DBS Vickers to transfer Hong Kong retail brokerage clients to sister bank
- The securities arm of DBS Group will continue to service institutional clients, act as the bank’s execution broker
- Clients have the option to transfer to a new account with DBS Bank or another bank or close their account after the closure of its retail business on December 31
For more than four decades, the Vickers name has been associated with retail investing in Hong Kong.
On Monday, that time will pass.
The change comes after DBS Group, the Singapore financial services company, announced earlier this year that it would merge the retail brokerage operations of its DBS Vickers securities arm with DBS Bank, the largest lender in Singapore and Southeast Asia.
DBS Vickers stopped accepting buy orders from retail clients in October and will discontinue its retail business as of Monday.
Clients had the option to transfer a new account with DBS Bank or another bank before December 31 or close their account.
“The move will enable the bank to better focus on the retail brokerage business as a priority area for growth, investment and digitisation, and achieve further synergies,” DBS said in announcing the change in July.
The remaining DBS Vickers business will continue to serve institutional clients and act as the bank’s execution broker in Hong Kong, the company said.
Stephen Chu, a long-term client of DBS Vickers, said he was shocked to hear that its retail brokerage operations were being discontinued and was in the process of transferring his equity and Reit holdings to another brokerage.
“Over the years, I was quite happy with the full service I received from DBSV, especially the analytical property reports written by renowned property analyst Jeff Yau and his team,” Chu said.
Chu said that it was a pity that DBS Vickers was “winding down” its retail brokerage business, “but I am happy with the profits I have made over the years via their brokerage”.
DBS Vickers traces its roots to Vickers, Da Costa & Co., a British brokerage that was founded in 1917 and whose co-founder was Winston Churchill’s stockbroker.
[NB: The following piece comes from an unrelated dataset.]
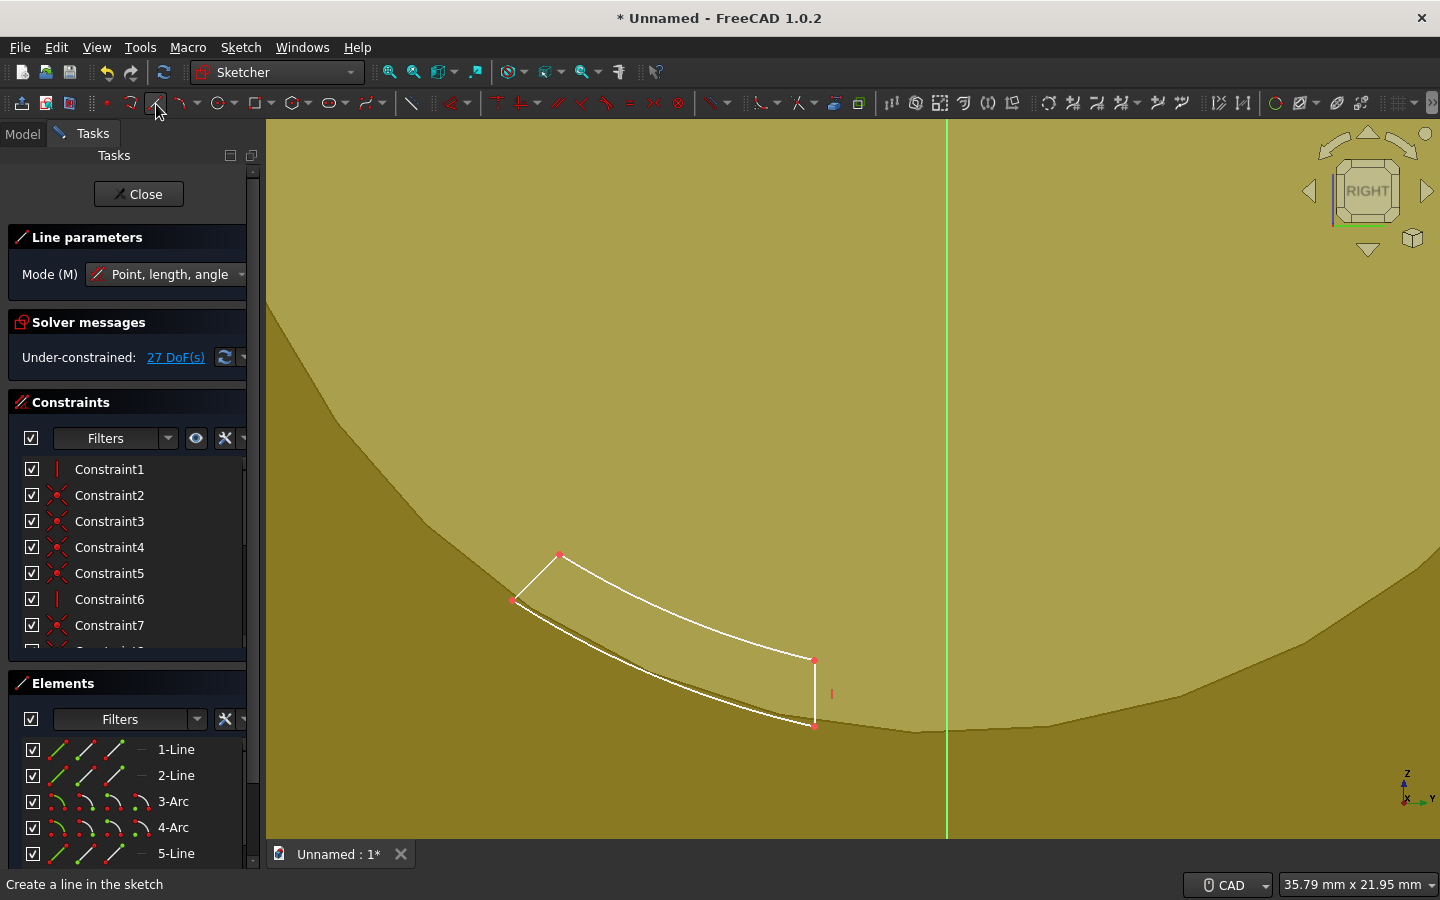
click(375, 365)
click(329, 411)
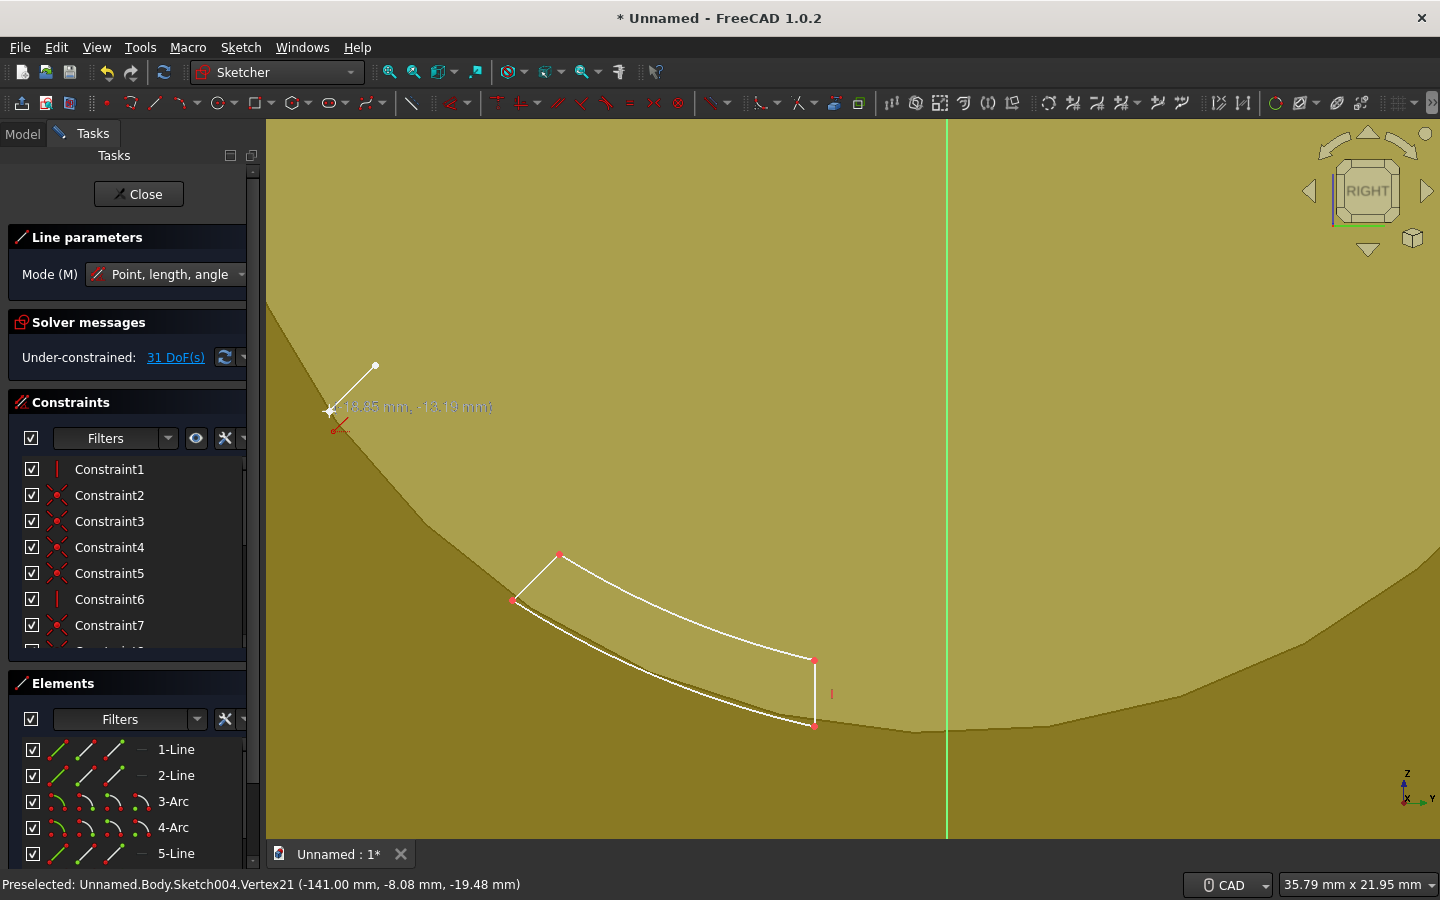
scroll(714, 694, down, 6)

It was first registered in Hong Kong in 1973. The Hong Kong business became part of DBS in 2001 following the merger of Vickers Ballas and DBS Securities.
The move marks that latest consolidation within DBS, which spent much of last year integrating the retail and wealth management businesses of Australia and New Zealand Banking Group.
DBS bought ANZ’s retail and wealth management operations in China, Hong Kong, Indonesia, Singapore and Taiwan in 2016 for US$110 million.
The integration of the ANZ business was completed in February.
A DBS spokesman did not provide details Friday on how many clients or employees were affected by the transfer of DBS Vickers retail brokerage business to DBS Bank.
DBS, as whole, employed 4,537 people, including 139 contractors and temporary workers, in Hong Kong as of the end of 2017. Hong Kong is the company’s second largest market behind Singapore.
The company, which employs more than 24,000 people worldwide, reported that its profit rose 6 per cent in the third quarter to 1.41 billion Singapore dollars (HK$8.07 billion).